_DATA TO EXAMINE:_
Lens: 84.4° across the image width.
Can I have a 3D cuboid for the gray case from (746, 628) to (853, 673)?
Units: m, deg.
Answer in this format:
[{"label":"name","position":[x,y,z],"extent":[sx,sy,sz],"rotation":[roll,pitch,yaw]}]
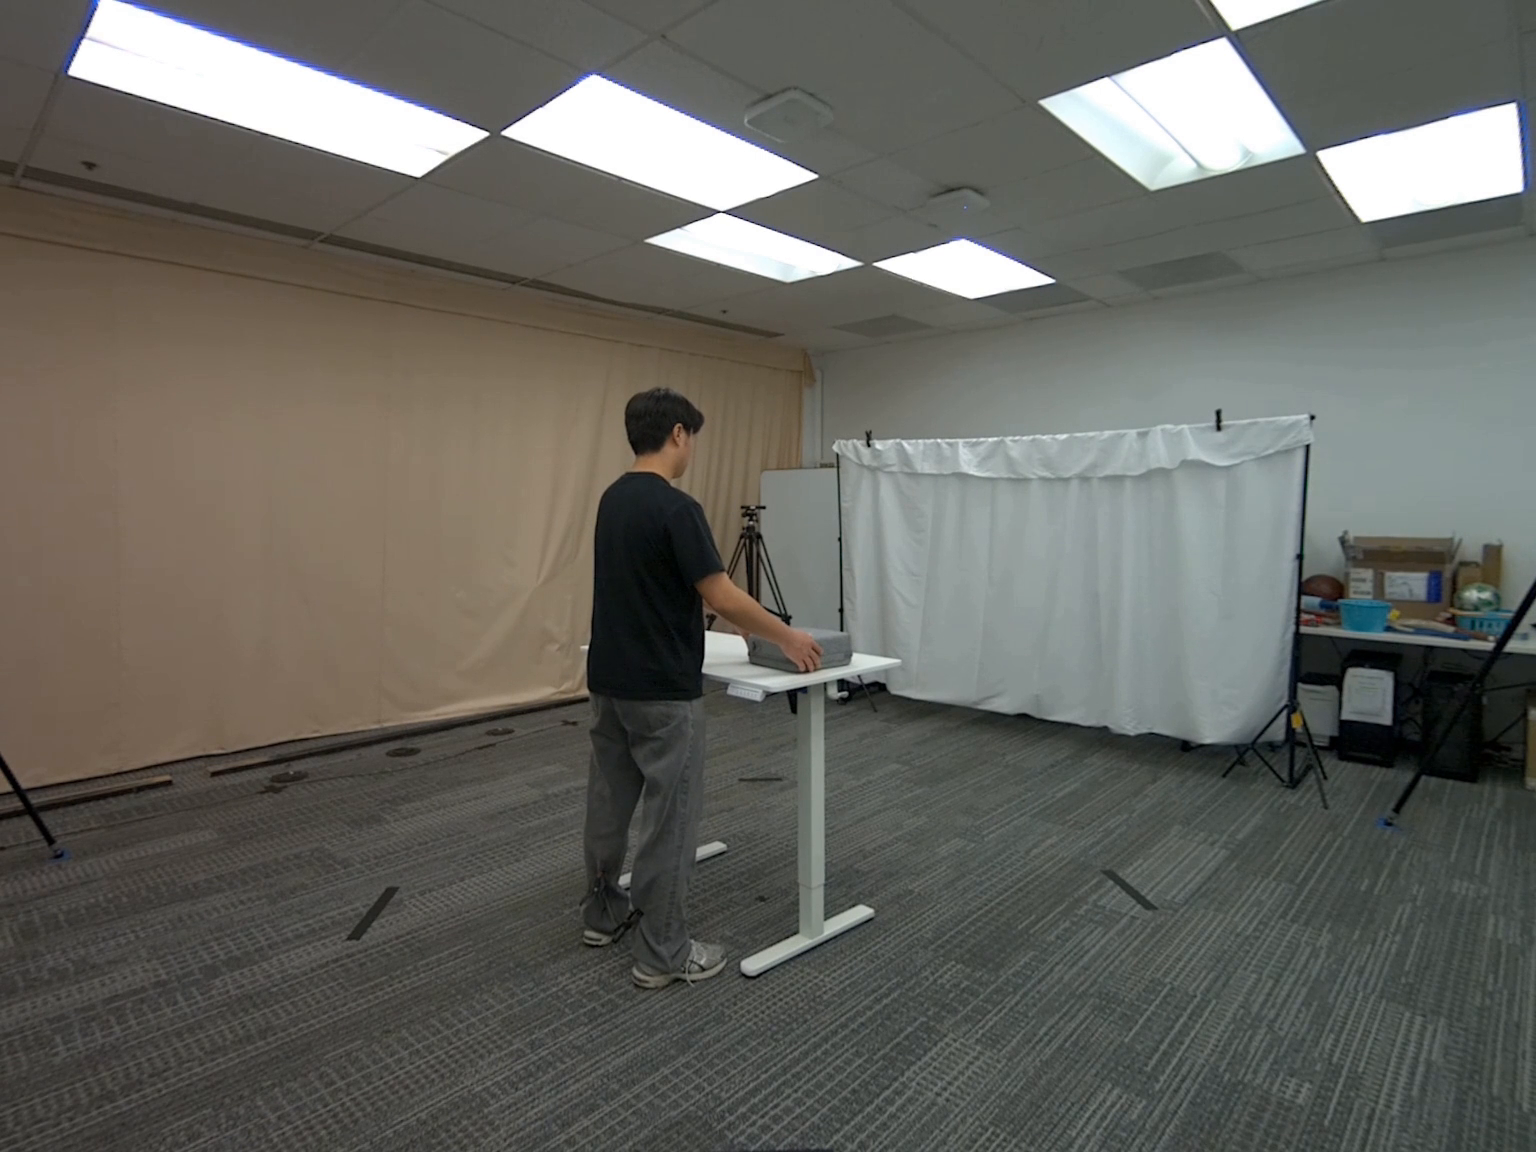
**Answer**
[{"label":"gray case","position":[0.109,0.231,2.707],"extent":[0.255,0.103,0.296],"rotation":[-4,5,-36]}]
--
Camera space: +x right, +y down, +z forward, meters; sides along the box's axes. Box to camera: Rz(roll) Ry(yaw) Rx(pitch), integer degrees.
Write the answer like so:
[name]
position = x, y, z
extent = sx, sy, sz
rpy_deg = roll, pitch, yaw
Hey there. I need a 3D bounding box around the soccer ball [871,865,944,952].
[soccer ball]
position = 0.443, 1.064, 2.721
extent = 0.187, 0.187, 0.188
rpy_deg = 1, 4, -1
...
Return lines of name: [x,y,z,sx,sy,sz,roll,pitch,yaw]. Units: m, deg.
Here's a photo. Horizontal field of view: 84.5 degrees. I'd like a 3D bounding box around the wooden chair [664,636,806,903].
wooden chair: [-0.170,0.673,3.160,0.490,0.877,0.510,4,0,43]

_ASSIGNMENT:_ Where in the records does the string "pitch" appear? Copy every line that has it.

_TASK ANSWER:_
[{"label":"name","position":[x,y,z],"extent":[sx,sy,sz],"rotation":[roll,pitch,yaw]}]
Camera space: +x right, +y down, +z forward, meters; sides along the box's axes. Box to camera: Rz(roll) Ry(yaw) Rx(pitch), integer degrees.
rpy_deg = roll, pitch, yaw
Return lines of name: [x,y,z,sx,sy,sz,roll,pitch,yaw]. Units: m, deg.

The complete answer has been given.